▸ DATA EXCERPTS:
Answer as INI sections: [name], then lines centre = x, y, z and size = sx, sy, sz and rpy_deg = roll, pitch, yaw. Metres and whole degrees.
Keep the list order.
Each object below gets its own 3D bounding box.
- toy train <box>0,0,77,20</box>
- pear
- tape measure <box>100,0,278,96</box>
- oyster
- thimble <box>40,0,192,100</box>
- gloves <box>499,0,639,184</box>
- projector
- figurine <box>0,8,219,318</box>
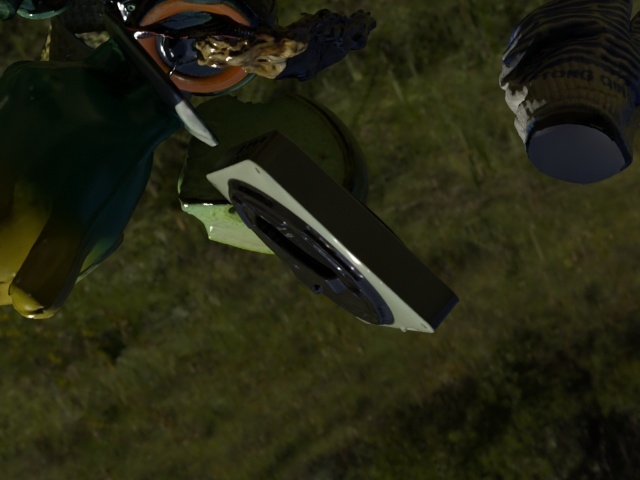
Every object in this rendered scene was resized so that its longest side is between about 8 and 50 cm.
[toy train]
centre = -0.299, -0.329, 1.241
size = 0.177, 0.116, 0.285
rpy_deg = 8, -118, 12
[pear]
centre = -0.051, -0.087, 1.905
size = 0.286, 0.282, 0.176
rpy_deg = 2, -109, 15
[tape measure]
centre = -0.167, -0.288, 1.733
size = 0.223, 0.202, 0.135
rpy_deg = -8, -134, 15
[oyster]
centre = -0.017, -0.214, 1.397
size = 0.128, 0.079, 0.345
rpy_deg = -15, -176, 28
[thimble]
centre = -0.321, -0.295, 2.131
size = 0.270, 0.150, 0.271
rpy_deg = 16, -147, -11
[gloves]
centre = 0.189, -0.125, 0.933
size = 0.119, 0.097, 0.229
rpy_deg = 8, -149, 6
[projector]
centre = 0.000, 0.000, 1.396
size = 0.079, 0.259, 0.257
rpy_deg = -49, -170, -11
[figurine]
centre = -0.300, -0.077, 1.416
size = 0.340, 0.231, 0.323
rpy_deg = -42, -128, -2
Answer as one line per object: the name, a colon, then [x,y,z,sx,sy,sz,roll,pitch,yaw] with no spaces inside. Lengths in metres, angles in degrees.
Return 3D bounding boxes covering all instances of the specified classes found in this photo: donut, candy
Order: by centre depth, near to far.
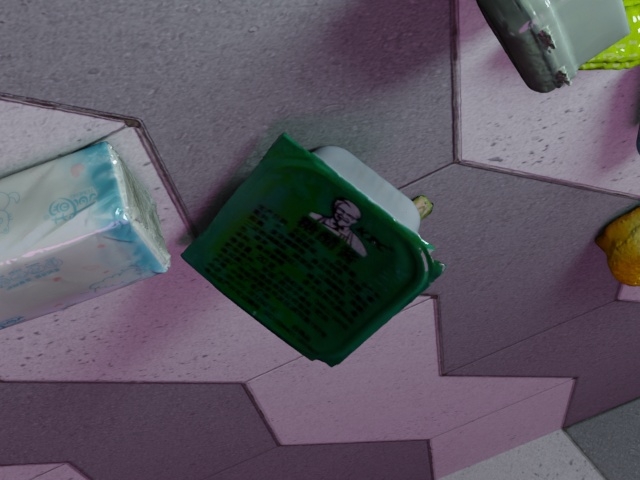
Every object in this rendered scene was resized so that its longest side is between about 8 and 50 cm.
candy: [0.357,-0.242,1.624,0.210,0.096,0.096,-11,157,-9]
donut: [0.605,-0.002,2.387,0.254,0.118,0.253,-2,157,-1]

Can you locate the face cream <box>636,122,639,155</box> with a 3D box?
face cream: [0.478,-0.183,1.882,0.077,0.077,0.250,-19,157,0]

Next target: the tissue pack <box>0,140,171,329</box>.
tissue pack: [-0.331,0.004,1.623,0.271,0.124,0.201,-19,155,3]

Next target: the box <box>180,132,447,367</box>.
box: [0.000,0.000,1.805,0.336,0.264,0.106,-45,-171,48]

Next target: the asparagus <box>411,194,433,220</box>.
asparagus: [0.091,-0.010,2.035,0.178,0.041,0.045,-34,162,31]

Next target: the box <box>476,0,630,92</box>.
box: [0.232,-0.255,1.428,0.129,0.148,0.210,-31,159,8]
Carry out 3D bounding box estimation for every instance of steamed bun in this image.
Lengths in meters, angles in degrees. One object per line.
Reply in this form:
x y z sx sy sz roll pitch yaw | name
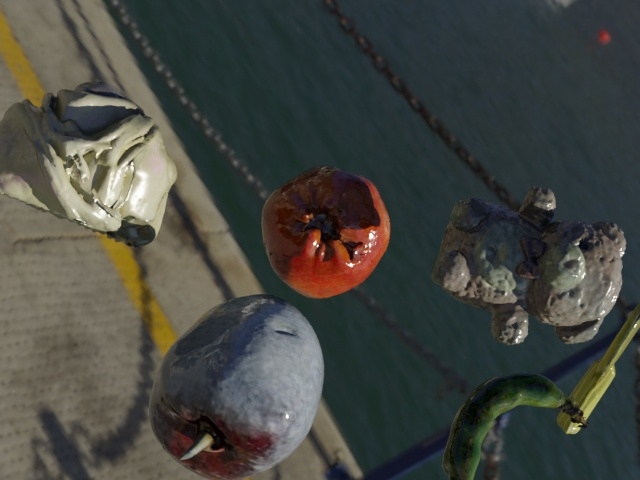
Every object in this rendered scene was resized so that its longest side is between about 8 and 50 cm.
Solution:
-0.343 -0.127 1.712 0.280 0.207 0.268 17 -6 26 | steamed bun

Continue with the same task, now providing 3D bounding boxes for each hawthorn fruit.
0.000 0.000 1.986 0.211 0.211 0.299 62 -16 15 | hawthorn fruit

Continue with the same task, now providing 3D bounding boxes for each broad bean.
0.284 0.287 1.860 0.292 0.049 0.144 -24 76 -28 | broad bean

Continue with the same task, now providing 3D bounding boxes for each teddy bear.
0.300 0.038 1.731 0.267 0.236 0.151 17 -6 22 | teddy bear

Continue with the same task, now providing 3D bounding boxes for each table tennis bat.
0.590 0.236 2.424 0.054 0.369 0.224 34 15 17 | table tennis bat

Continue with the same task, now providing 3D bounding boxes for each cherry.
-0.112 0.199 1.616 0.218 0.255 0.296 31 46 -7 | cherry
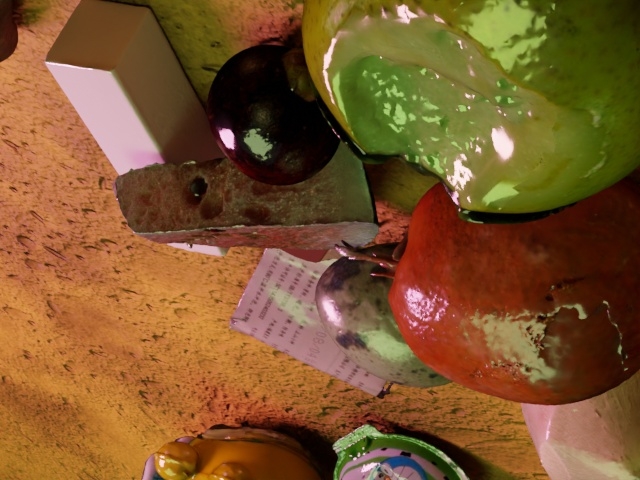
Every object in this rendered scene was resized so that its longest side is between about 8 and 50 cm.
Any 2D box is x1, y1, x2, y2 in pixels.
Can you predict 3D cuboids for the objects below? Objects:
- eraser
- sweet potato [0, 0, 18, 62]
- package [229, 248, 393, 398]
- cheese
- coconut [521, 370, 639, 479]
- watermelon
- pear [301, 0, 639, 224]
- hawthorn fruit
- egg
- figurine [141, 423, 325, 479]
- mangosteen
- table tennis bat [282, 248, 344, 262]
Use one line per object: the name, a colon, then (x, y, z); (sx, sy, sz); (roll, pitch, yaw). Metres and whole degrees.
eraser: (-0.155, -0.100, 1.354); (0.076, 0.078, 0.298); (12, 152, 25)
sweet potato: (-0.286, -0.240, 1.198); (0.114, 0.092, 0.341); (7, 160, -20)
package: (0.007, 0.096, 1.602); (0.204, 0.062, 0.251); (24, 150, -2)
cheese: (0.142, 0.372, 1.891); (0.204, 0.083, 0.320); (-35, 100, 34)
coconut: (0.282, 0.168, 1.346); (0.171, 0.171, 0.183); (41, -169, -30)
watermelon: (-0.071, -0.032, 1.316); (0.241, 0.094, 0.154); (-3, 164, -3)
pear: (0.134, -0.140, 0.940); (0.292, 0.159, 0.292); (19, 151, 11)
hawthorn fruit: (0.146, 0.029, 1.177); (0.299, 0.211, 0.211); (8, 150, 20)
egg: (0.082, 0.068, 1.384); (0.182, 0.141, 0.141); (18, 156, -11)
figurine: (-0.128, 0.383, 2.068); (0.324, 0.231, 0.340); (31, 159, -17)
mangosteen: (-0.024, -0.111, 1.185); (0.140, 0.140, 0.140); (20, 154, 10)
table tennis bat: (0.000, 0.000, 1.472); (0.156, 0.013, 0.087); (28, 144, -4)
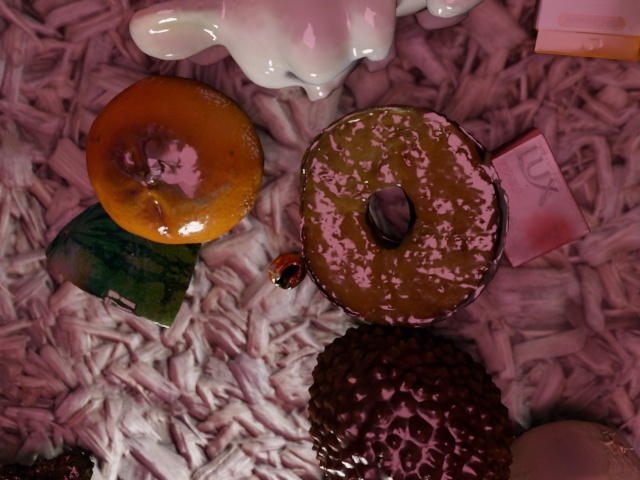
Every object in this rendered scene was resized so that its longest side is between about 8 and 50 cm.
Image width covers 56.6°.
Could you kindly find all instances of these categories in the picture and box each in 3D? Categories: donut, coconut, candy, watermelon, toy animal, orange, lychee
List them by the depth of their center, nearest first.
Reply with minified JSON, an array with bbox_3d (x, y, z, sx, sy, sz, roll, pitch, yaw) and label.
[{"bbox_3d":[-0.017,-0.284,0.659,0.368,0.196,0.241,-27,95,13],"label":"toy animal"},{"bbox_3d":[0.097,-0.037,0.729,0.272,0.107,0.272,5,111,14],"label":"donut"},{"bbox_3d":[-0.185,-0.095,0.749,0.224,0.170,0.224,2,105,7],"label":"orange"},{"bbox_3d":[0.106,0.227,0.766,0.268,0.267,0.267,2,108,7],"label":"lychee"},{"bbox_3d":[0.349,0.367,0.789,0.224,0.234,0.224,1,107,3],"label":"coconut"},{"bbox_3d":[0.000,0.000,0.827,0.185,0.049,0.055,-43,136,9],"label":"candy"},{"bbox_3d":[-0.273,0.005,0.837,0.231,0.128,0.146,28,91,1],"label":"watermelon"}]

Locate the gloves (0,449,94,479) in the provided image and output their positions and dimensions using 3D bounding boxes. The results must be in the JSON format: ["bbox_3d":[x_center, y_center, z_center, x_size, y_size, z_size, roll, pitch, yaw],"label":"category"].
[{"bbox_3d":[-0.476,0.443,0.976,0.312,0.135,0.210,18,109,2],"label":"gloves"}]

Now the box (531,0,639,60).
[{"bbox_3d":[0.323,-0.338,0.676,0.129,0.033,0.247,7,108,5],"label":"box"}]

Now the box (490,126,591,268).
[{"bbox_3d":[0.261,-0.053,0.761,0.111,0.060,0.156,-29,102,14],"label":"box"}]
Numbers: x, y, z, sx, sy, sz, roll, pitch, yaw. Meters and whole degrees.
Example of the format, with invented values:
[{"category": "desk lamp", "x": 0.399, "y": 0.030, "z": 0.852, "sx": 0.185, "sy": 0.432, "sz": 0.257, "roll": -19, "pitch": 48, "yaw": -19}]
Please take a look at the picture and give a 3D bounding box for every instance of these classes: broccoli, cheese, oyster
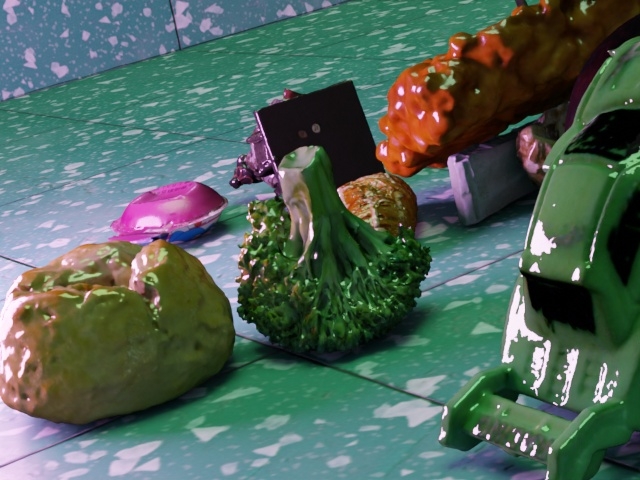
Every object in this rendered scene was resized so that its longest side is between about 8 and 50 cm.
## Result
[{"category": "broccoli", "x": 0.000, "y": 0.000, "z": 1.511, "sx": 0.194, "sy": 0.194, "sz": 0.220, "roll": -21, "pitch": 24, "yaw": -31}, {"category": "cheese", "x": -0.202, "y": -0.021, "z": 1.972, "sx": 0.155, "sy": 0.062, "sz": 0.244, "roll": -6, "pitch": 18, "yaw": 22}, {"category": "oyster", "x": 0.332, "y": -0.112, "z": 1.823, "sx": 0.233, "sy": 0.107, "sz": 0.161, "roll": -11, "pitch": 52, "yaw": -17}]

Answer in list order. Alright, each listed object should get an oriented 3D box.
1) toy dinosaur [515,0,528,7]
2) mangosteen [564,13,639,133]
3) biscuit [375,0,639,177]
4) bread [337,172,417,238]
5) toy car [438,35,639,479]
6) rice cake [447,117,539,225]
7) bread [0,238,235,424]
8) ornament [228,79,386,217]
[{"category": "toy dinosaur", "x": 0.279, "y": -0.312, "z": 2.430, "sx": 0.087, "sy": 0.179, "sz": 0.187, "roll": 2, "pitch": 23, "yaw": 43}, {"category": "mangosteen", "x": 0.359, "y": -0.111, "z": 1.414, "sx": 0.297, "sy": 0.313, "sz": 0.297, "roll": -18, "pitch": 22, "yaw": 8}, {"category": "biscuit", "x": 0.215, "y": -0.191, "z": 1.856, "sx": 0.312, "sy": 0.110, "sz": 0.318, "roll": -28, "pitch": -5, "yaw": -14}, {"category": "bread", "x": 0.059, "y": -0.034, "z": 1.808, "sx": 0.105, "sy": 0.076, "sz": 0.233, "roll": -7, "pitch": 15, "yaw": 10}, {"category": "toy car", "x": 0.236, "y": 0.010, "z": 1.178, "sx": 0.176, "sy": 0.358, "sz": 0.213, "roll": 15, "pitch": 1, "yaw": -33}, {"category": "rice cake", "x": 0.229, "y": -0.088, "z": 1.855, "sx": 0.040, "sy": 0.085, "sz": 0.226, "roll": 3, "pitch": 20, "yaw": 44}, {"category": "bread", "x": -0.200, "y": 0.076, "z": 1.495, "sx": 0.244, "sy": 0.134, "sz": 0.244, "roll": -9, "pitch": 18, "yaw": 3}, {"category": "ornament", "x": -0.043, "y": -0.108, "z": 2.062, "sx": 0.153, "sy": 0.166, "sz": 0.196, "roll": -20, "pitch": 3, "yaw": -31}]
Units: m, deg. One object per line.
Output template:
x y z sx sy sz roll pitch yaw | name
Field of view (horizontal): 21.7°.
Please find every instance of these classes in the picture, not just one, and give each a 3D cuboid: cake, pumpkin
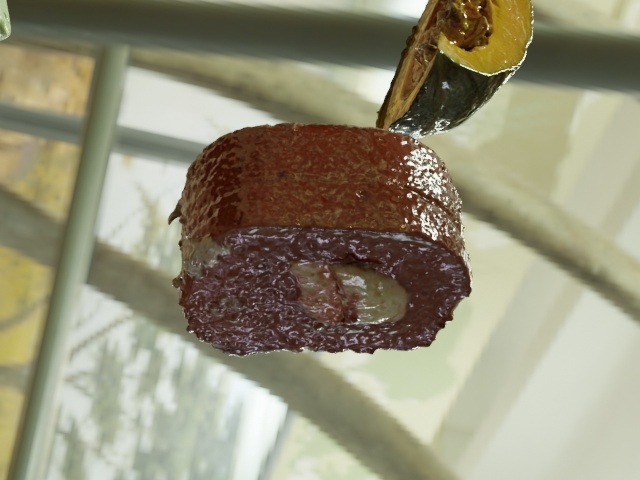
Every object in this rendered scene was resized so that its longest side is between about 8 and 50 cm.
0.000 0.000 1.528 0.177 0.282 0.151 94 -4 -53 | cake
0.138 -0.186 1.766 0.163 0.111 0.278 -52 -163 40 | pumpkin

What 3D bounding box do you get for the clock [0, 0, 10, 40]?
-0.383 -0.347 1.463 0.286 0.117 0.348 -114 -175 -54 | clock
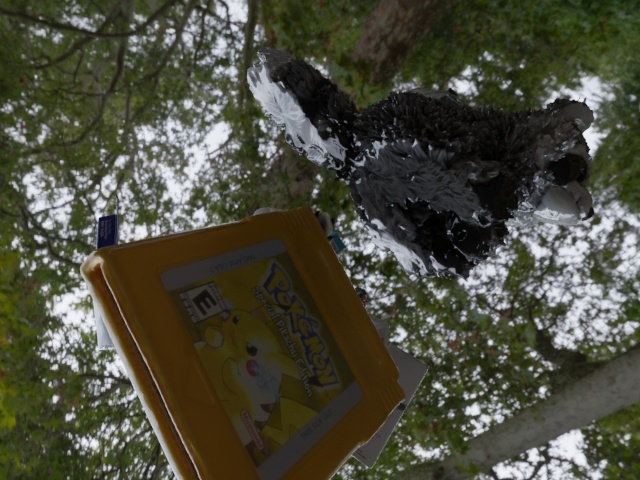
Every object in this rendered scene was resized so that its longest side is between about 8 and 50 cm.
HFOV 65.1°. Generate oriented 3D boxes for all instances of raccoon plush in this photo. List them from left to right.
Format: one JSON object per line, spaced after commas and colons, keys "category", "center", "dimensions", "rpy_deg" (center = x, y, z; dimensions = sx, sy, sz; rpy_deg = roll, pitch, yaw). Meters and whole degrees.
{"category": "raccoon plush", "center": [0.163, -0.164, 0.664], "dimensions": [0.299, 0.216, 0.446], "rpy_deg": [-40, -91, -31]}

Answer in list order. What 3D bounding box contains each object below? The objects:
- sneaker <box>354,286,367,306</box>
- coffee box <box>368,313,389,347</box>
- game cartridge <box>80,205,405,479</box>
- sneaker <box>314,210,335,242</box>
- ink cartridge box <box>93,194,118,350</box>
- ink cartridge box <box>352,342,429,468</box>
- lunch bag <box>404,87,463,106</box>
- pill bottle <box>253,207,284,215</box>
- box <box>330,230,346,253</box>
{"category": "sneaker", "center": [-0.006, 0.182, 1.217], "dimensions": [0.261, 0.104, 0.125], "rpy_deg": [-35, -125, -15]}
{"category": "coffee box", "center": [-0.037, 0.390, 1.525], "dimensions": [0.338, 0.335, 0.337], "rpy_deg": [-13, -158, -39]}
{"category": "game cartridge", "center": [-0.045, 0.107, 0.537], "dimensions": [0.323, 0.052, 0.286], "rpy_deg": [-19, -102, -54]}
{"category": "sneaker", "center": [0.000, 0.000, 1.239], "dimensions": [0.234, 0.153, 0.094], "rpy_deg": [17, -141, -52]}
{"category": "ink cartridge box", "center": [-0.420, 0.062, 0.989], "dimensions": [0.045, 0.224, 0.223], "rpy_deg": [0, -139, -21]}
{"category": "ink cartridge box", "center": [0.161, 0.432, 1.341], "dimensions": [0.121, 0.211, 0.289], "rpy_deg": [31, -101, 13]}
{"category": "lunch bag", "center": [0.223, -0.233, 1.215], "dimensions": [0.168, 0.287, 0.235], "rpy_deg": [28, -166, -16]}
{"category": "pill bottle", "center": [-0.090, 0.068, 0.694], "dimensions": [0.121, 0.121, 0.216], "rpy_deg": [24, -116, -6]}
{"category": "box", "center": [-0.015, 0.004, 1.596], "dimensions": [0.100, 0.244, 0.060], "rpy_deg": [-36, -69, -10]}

▸ WORK ORDER: Could you work out how many lines in the material contain the word "objects"? Reply with the number only.

▸ RESPONSE TO THE TASK: 2